→ **WORK REQUEST**:
All entries below need to be written out exactly, but without their pictures.

Stored records:
----------
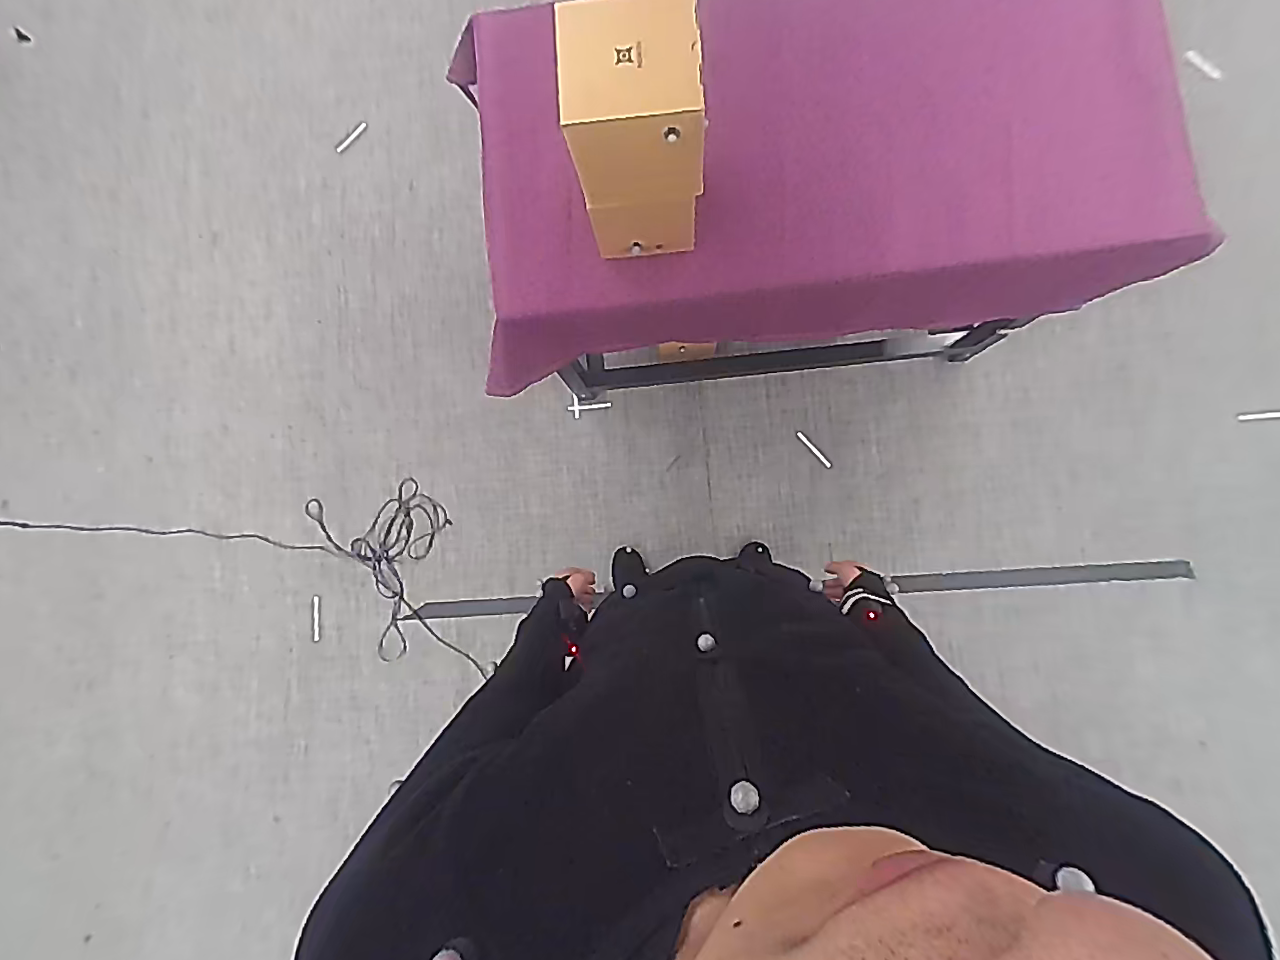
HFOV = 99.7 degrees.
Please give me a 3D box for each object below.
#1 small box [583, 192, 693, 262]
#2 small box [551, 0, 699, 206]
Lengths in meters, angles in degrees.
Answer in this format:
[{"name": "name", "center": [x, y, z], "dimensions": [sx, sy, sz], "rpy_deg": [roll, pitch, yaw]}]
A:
----------
→ **ANSWER FOR THE TASK**:
HFOV = 99.7 degrees.
Please give me a 3D box for each object below.
#1 small box [583, 192, 693, 262]
#2 small box [551, 0, 699, 206]
Lengths in meters, angles in degrees.
Answer in this format:
[{"name": "name", "center": [x, y, z], "dimensions": [sx, sy, sz], "rpy_deg": [roll, pitch, yaw]}]
A:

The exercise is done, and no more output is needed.